▸ **BRIEF**: Give back all of the data exactly, with every picture omitted.

______________________________

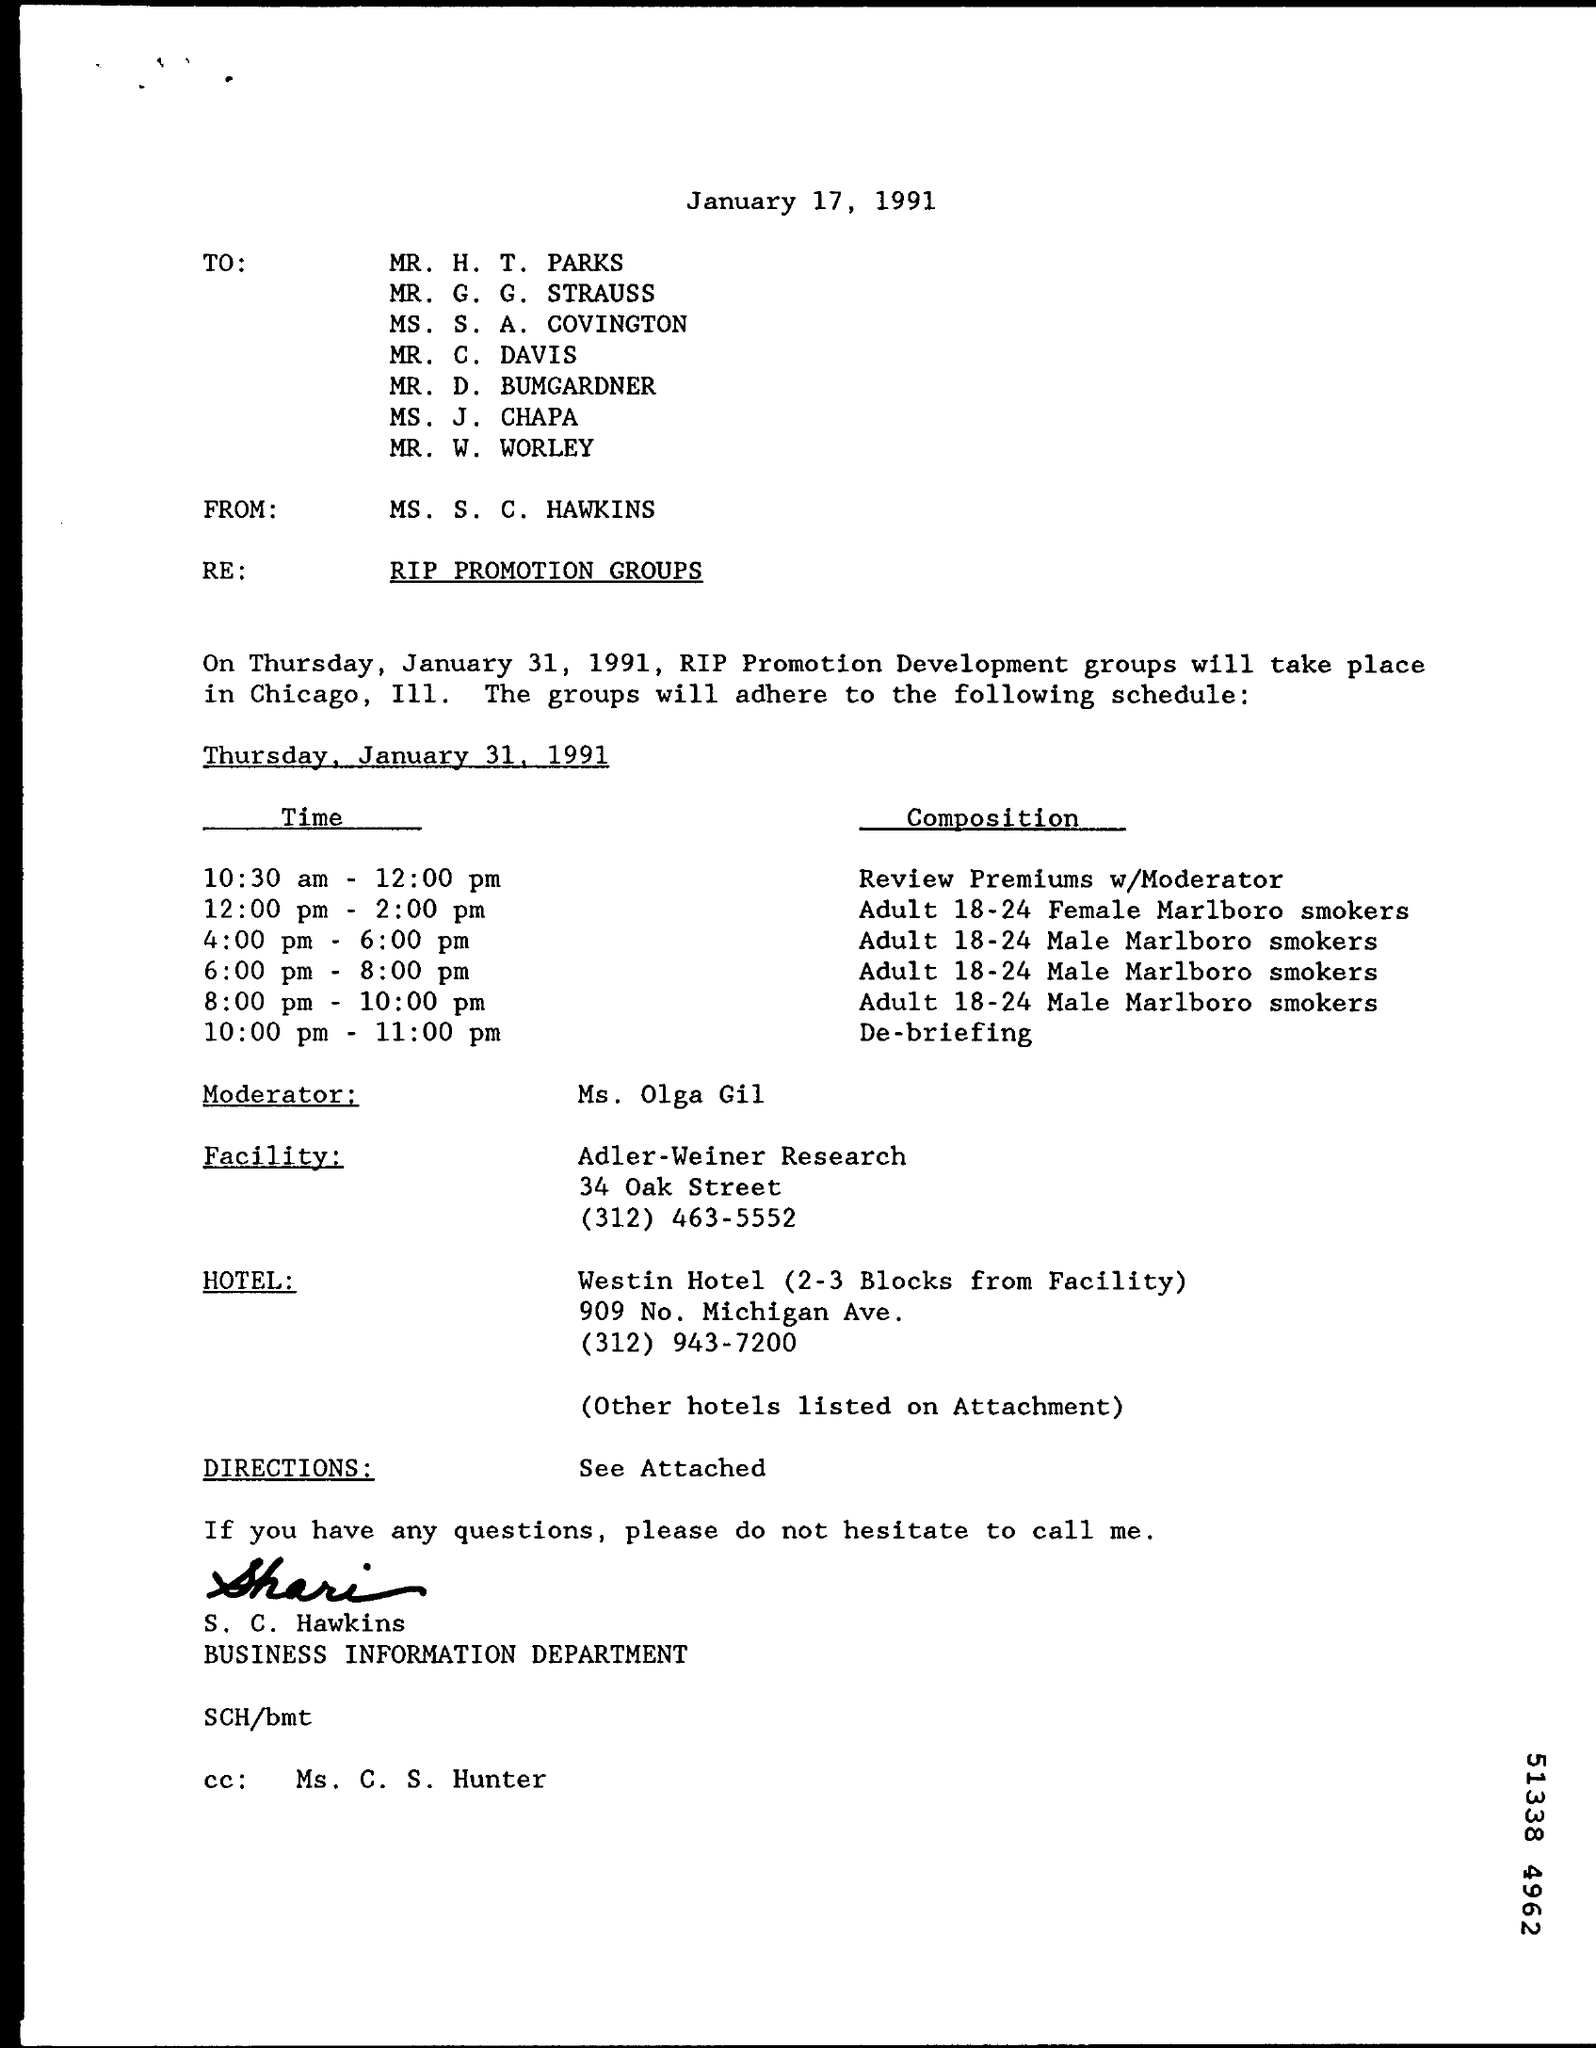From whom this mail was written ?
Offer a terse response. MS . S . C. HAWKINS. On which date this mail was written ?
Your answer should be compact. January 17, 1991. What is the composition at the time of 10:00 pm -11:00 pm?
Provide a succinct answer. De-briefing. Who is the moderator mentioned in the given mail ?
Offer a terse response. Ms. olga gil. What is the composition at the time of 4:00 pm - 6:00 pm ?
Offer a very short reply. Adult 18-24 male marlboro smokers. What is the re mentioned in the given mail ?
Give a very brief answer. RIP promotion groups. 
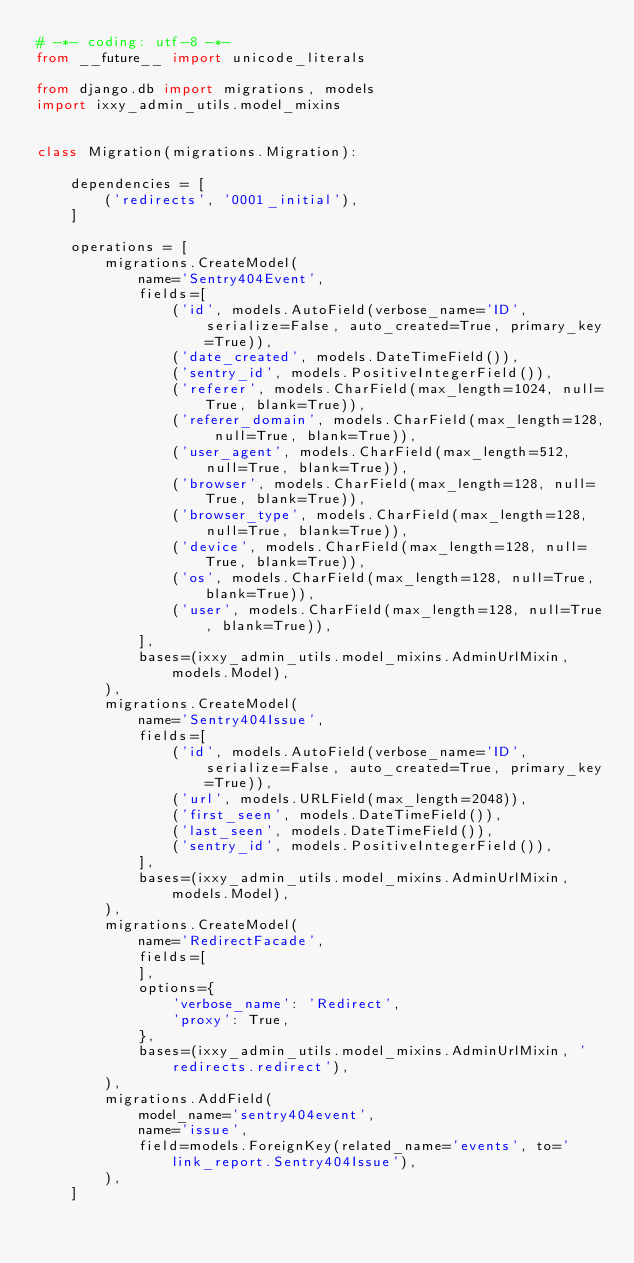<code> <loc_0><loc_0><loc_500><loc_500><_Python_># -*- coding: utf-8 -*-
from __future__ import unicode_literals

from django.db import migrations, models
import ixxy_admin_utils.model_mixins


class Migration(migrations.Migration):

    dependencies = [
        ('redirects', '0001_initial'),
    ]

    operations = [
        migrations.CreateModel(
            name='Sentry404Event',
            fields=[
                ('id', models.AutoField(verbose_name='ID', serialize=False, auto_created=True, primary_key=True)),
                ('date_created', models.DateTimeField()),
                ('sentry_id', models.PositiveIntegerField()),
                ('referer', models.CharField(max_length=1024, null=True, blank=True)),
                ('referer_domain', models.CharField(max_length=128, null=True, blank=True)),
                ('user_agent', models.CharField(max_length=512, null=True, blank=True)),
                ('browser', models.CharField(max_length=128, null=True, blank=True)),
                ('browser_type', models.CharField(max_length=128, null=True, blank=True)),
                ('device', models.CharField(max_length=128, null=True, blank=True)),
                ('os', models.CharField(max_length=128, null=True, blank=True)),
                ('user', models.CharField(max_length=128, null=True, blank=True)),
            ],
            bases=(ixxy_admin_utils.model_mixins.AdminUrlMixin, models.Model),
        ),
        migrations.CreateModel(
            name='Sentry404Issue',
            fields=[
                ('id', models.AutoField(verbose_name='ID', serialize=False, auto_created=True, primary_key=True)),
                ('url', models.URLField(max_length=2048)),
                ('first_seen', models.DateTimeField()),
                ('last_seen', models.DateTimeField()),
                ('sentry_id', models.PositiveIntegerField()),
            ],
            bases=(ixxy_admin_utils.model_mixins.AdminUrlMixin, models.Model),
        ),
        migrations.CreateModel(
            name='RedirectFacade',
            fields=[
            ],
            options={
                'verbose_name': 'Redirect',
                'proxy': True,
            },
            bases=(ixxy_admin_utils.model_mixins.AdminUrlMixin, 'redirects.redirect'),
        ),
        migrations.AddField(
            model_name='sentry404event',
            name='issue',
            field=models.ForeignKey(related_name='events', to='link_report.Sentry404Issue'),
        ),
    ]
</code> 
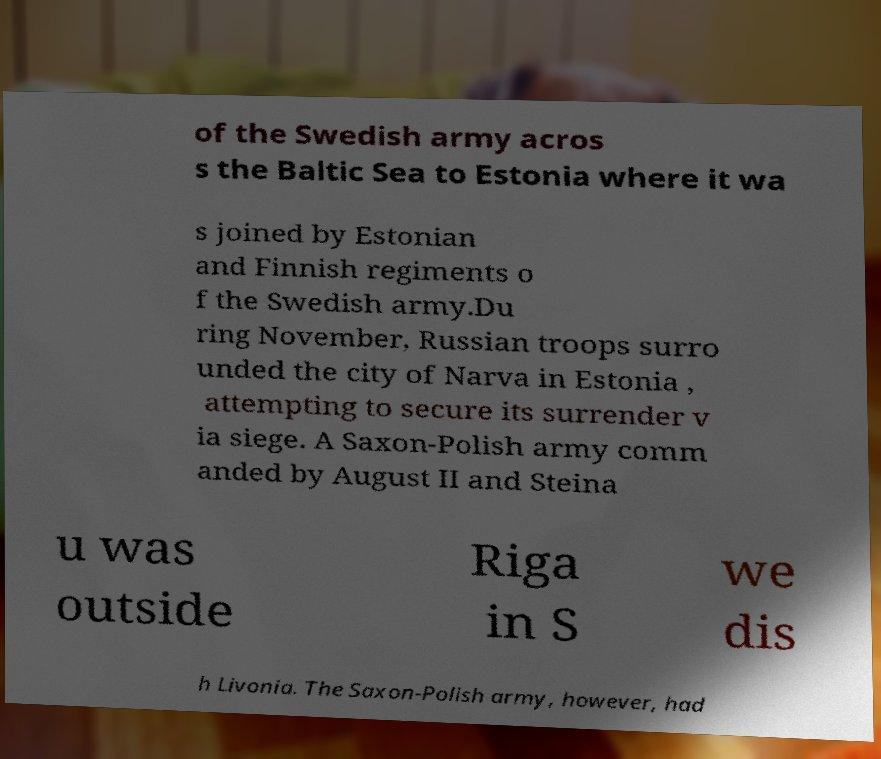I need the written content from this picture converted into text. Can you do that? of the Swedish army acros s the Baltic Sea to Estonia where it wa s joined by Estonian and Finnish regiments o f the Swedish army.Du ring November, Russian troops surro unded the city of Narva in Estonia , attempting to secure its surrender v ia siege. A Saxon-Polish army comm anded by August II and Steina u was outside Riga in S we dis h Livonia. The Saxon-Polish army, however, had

______________________________

▸ **PROBLEM SOLUTION**:
From whom this mail was written ?
Offer a terse response. MS . S . C. HAWKINS. On which date this mail was written ?
Your answer should be compact. January 17, 1991. What is the composition at the time of 10:00 pm -11:00 pm?
Provide a succinct answer. De-briefing. Who is the moderator mentioned in the given mail ?
Offer a terse response. Ms. olga gil. What is the composition at the time of 4:00 pm - 6:00 pm ?
Offer a very short reply. Adult 18-24 male marlboro smokers. What is the re mentioned in the given mail ?
Give a very brief answer. RIP promotion groups. 
<code> <loc_0><loc_0><loc_500><loc_500><_Python_># -*- coding: utf-8 -*-
from __future__ import unicode_literals

from django.db import migrations, models
import ixxy_admin_utils.model_mixins


class Migration(migrations.Migration):

    dependencies = [
        ('redirects', '0001_initial'),
    ]

    operations = [
        migrations.CreateModel(
            name='Sentry404Event',
            fields=[
                ('id', models.AutoField(verbose_name='ID', serialize=False, auto_created=True, primary_key=True)),
                ('date_created', models.DateTimeField()),
                ('sentry_id', models.PositiveIntegerField()),
                ('referer', models.CharField(max_length=1024, null=True, blank=True)),
                ('referer_domain', models.CharField(max_length=128, null=True, blank=True)),
                ('user_agent', models.CharField(max_length=512, null=True, blank=True)),
                ('browser', models.CharField(max_length=128, null=True, blank=True)),
                ('browser_type', models.CharField(max_length=128, null=True, blank=True)),
                ('device', models.CharField(max_length=128, null=True, blank=True)),
                ('os', models.CharField(max_length=128, null=True, blank=True)),
                ('user', models.CharField(max_length=128, null=True, blank=True)),
            ],
            bases=(ixxy_admin_utils.model_mixins.AdminUrlMixin, models.Model),
        ),
        migrations.CreateModel(
            name='Sentry404Issue',
            fields=[
                ('id', models.AutoField(verbose_name='ID', serialize=False, auto_created=True, primary_key=True)),
                ('url', models.URLField(max_length=2048)),
                ('first_seen', models.DateTimeField()),
                ('last_seen', models.DateTimeField()),
                ('sentry_id', models.PositiveIntegerField()),
            ],
            bases=(ixxy_admin_utils.model_mixins.AdminUrlMixin, models.Model),
        ),
        migrations.CreateModel(
            name='RedirectFacade',
            fields=[
            ],
            options={
                'verbose_name': 'Redirect',
                'proxy': True,
            },
            bases=(ixxy_admin_utils.model_mixins.AdminUrlMixin, 'redirects.redirect'),
        ),
        migrations.AddField(
            model_name='sentry404event',
            name='issue',
            field=models.ForeignKey(related_name='events', to='link_report.Sentry404Issue'),
        ),
    ]
</code> 
I need the written content from this picture converted into text. Can you do that? of the Swedish army acros s the Baltic Sea to Estonia where it wa s joined by Estonian and Finnish regiments o f the Swedish army.Du ring November, Russian troops surro unded the city of Narva in Estonia , attempting to secure its surrender v ia siege. A Saxon-Polish army comm anded by August II and Steina u was outside Riga in S we dis h Livonia. The Saxon-Polish army, however, had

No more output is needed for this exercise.